Alice mengangkat wajahnya. Menatap wanita yang usianya hampir memasuki kepala empat itu, wanita yang begitu cantik meskipun tubuhnya kini terlihat kurus.

"Maksud, Mbak?"

"Besok, mulailah bangun pagi, untuk memasak sarapan untuknya,membuatkan kopi, menyiapkan pakaian kerja dan lain-lain," ujar Fitri.

Alice terenyuh, sebelumnya ia sempat memikirkan cara untuk menyingkirkan madunya itu, tapi kini ia membuang pikiran jahatnya itu seketika.

"Apa dengan begitu Mas Tian akan mencintaiku Mbak?"

"Serahkan semua pada Alllah, mulailah dulu dari hal-hal kecil, karna pria biasanya akan jatuh cinta pada wanita yang perhatian padanya, bersabarlah Alice, jika kamu bersabar namamu akan terukir di hati Mas Tian,"

"Terimakasih Mbak," Reflek Alice lansung memeluk Fitri.
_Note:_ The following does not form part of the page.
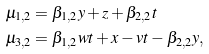Convert formula to latex. <formula><loc_0><loc_0><loc_500><loc_500>\mu _ { 1 , 2 } & = \beta _ { 1 , 2 } y + z + \beta _ { 2 , 2 } t \\ \mu _ { 3 , 2 } & = \beta _ { 1 , 2 } w t + x - v t - \beta _ { 2 , 2 } y ,</formula>

'Ya Allah, usirlah semua pikiran kotor dalam benak ini, jangan sampai terhasut oleh bisikan setan," Alice membatin dalam hati, teringat penuturan Rita yang mengatakan jika madunya bermuka dua dan suka selingkuh.

.

.

.

Awalnya Alice sempat kebingungan, bagaimana caranya memberi perhatian pada suaminya, namun berkat bantuan Fitri, wanita itu kini mulai tau cara mendekati suaminya.

Hampir sebulan Alice melakukan aktivitasnya sebagai istri baru Bastian. Wanita itu begitu senang kala suaminya sama sekali tidak menolak apapun yang ia lakukan, seperti menyiapkan baju kerja suaminya, membuatkan kopi dan sebagainya.

Fitri sudah dianggapnya sebagai kakaknya sendiri. Madunya itu yang mengajarinya memasak kesukaan suami mereka dan melakukan tugas lainnya yang menjurus mendekatkan diri pada Bastian.

Sebenarnya Alice bukanlah tepikal wanita yang suka mengerjakan pekerjaan rumah, sebab ketika tinggal bersama orang tuanya, Alice begitu di manjakan, tapi kini untuk mendapatkan cinta Bastian apa pun akan di lakukannya.

Sekarangpun, Bastian tidur bersamanya setiap hari Kamis sampai minggu. Ia yakin sekali, semua itu ada campur tangan madunya. Meski sudah tidur sekamar dengan suaminya, namun Bastian tak pernah menjamah dirinya, tapi Alice tetap bersyukur, setidaknya ada kemajuan hubungannya dengan Bastian semakin mendekat.